Rouse, who lives with her husband in a small Virginia town near the Blue Ridge Mountains, has composed ten albums, with many of her tunes accessible on the Earth Mama website. She has drawn inspiration from the writings of Rachel Carson, Passionist Fr. Thomas Berry, Brian Swimme, Christian mystic Julian of Norwich, and Vandana Shiva, to name just a few authors.
In addition, Cincinnati Charity Sr. Paula Gonzalez, founder of the EarthConnection learning center, served as one of Joyce Rouse’s earliest mentors, and inspired the 1995 song “The Same Air.”
At a workshop where Gonzalez explained that humans have breathed the same air for eons, Rouse became both astonished and humbled by the concept. A song emerged, telling that Joan of Arc, Isaac Newton, Daniel Boone, Harriet Tubman, Cleopatra, George Washington Carver and Moses all inhaled the identical oxygen.
“So let’s take care of the very same air,” she sings in the refrain, often having audience members don a battle helmet and sword, like Joan of Arc, during live performances.
Released in 2013, Rouse’s latest album “A Sense of Place” brings both seriousness and lightheartedness to listeners. “Heaven Down Below (Whitetop Mountain)” is a poignant heartbreaker, recounting how bank takeovers, irresponsible development, mining and mountaintop removal have wiped out entire towns and destroyed communities.
In the song, an Appalachian farmer loses his home on Whitetop Mountain and at one point wonders, “When will they say you can’t eat money? When will they know you can’t drink gold? There is no cure for the greedy sickness, if you can’t see heaven down below.”
Rouse’s favorite from the album, “Detour Road,” is an up-tempo “rocking chair” tune that encourages listeners to opt for love and peace instead of hate every time they come to that “wishbone in life’s highway.”
“It’s a lyrical jug band folk song version of Jesus’ teachings,” Rouse, a lifelong Quaker, told NCR.
Teaching basic concepts of ecology and earth spirituality through music has been a major career turnaround from where Rouse was in 1986 -- working in Nashville creating songs for recording artists. But that job deteriorated into hollowness as she grew tired of finding new ways to write the same lyrics lamenting heartbreak.

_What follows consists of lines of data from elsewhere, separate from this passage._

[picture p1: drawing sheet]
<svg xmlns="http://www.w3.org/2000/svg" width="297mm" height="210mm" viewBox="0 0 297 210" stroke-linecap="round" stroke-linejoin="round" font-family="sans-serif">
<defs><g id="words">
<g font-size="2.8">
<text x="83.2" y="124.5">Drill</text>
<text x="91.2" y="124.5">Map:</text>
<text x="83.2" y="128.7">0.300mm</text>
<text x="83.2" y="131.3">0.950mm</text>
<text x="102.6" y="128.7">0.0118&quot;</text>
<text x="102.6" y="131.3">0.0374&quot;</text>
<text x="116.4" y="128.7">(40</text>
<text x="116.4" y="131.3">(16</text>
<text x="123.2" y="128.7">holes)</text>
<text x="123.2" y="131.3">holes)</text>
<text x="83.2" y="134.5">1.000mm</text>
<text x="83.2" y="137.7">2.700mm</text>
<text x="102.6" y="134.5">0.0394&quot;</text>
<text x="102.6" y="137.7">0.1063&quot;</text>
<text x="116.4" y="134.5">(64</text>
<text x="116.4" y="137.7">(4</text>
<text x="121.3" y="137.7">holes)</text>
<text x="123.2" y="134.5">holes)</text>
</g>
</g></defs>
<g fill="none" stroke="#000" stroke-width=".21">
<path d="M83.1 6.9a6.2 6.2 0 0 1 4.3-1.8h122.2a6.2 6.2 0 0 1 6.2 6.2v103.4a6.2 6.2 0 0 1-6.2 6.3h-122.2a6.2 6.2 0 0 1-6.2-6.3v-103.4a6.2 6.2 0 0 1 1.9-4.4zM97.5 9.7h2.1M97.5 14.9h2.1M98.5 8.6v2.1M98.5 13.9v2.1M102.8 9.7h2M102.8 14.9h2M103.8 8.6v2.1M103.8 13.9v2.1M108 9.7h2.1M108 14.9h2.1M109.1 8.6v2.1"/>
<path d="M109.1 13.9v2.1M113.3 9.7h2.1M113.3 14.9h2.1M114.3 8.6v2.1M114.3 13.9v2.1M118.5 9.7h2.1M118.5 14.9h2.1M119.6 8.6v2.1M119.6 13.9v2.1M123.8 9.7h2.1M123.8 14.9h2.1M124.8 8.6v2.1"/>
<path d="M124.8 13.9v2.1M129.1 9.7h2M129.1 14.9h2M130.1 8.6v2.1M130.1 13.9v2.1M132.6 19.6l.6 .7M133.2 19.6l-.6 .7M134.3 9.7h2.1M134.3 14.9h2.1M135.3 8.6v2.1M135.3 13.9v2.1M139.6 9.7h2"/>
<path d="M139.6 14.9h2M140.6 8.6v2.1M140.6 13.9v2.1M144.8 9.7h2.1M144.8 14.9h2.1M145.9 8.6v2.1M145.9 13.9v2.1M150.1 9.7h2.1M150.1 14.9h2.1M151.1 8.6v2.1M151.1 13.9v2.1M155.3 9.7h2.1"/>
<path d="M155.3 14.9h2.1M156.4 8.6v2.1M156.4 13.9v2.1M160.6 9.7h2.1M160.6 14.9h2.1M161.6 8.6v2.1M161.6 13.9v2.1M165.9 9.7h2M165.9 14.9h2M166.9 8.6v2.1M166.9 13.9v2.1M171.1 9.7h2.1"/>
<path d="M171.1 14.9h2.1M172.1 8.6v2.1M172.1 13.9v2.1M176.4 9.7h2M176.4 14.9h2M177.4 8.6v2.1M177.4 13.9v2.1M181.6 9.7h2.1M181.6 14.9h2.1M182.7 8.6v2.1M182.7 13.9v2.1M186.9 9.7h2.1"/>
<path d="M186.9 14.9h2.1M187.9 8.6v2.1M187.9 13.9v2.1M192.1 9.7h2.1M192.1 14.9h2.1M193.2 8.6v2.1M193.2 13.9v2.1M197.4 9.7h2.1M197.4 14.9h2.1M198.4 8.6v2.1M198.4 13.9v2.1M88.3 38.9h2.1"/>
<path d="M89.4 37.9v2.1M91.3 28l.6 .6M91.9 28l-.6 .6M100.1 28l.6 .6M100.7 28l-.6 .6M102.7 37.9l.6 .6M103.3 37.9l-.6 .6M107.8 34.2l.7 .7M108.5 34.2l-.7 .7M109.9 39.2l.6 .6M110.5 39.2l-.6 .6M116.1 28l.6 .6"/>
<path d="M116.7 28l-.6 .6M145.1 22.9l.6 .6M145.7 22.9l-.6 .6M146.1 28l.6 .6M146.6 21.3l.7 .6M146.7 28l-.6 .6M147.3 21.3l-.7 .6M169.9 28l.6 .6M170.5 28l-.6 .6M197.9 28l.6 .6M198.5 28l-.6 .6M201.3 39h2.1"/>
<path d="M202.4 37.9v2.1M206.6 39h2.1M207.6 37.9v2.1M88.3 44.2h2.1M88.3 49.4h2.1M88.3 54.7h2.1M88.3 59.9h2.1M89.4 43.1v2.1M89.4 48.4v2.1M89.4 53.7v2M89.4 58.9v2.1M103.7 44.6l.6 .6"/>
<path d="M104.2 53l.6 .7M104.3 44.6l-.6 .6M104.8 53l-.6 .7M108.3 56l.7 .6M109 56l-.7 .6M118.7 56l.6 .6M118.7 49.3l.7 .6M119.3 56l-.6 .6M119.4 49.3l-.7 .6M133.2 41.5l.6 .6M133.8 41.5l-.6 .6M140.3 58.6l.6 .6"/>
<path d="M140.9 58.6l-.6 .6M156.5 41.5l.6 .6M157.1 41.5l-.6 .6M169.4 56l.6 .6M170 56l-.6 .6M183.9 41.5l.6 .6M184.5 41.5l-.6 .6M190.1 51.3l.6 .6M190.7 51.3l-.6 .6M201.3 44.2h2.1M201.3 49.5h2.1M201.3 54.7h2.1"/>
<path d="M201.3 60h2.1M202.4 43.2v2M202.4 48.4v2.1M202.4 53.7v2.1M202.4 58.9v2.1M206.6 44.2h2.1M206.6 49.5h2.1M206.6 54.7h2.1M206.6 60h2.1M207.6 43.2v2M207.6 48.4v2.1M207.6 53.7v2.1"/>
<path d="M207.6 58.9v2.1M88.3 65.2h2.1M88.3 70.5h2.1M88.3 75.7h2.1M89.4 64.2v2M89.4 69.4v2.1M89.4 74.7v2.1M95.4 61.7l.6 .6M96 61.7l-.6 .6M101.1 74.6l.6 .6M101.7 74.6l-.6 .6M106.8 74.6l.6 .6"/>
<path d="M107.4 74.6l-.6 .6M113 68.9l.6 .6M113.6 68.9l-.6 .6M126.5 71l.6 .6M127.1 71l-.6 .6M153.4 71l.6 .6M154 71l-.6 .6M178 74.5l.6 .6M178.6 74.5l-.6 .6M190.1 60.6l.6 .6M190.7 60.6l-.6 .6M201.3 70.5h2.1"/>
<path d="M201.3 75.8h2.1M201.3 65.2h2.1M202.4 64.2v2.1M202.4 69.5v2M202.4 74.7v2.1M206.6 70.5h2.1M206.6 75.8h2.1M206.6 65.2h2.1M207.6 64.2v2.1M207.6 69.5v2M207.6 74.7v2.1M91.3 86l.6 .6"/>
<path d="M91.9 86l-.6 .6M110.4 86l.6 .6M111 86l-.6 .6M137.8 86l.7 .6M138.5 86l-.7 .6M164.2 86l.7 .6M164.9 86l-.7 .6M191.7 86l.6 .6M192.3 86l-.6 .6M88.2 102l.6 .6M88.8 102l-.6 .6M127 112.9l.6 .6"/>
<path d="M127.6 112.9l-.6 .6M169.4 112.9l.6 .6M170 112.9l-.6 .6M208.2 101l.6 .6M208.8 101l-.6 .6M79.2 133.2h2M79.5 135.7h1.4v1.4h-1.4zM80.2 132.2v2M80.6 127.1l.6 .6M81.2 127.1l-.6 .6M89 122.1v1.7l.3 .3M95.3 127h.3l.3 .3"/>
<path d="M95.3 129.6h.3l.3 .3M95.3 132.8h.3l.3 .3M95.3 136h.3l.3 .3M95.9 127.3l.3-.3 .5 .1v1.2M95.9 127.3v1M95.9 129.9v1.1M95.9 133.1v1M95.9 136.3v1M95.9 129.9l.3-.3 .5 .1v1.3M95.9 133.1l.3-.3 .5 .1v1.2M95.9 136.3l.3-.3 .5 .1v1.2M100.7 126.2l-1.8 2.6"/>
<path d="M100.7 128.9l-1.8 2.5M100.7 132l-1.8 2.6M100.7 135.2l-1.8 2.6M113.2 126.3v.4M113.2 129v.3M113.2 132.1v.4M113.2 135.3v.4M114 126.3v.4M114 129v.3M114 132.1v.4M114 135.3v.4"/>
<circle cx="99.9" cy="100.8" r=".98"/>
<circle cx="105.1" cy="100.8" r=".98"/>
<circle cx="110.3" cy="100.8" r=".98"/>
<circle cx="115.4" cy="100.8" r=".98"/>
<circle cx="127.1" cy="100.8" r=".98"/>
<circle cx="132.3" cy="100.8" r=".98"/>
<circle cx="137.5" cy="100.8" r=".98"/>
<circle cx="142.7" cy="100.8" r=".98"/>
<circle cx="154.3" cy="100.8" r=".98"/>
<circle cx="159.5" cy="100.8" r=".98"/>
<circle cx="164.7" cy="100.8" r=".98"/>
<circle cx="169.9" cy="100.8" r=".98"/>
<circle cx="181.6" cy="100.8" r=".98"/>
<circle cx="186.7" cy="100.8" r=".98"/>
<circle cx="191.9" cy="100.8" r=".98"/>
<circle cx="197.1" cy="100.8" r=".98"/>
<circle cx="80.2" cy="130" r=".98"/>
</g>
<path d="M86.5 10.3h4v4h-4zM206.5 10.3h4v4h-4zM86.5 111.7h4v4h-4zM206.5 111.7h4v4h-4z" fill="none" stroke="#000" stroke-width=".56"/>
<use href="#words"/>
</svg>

Music had been her “first language,” from childhood, but Rouse’s soul cried out for depth and meaning. Meditation at her Quaker meeting house unearthed memories from childhood, of life in Iowa on her family farm where “I meandered by the creek and made up little poems while I brought the cows home.” The poems soon turned into tunes as Rouse had begun by age three playing songs by ear on the piano.
Earthly songwriting happened by chance. As Rouse prepared a talk on recycling for her son’s kindergarten class, a song emerged: “Less Is More.”
When she shared it with a musical co-worker, the feedback was an appreciative “keep on writing.” And she did. Soon afterward, Rouse enrolled in a masters’ program in earth literacy at St. Mary of the Woods College, in Saint Mary of the Woods, Ind.
The program was like coming home to her soul.
Once let loose, the creativity flowed like a rushing river. In 1995 her song “Standing on the Shoulders” was tapped as the theme song for the 75th anniversary of women’s suffrage in Washington, D.C.
Rouse’s music has taken her into venues across the United States, frequently into Catholic settings. In April, she spent a week as artist-in-residence at St. Edmund Catholic School, in Eunice, La. She sang with grade school and high school students in their classrooms, talked about living green and conducted a song writing workshop.
“They loved it and talked about it for weeks,” said Sr. Joel Miller, a member of the Marianites of Holy Cross.
Outside the school, Rouse held a sing-along at the local Marianites of Holy Cross nursing home and staged a city concert, with students singing and donning costumes for several songs.
At one point, Rouse “even went crawfishing while she was here,” Miller said.
No doubt at any ensuing crawfish broils, Earth Mama sang a song encouraging all to compost the discarded shells.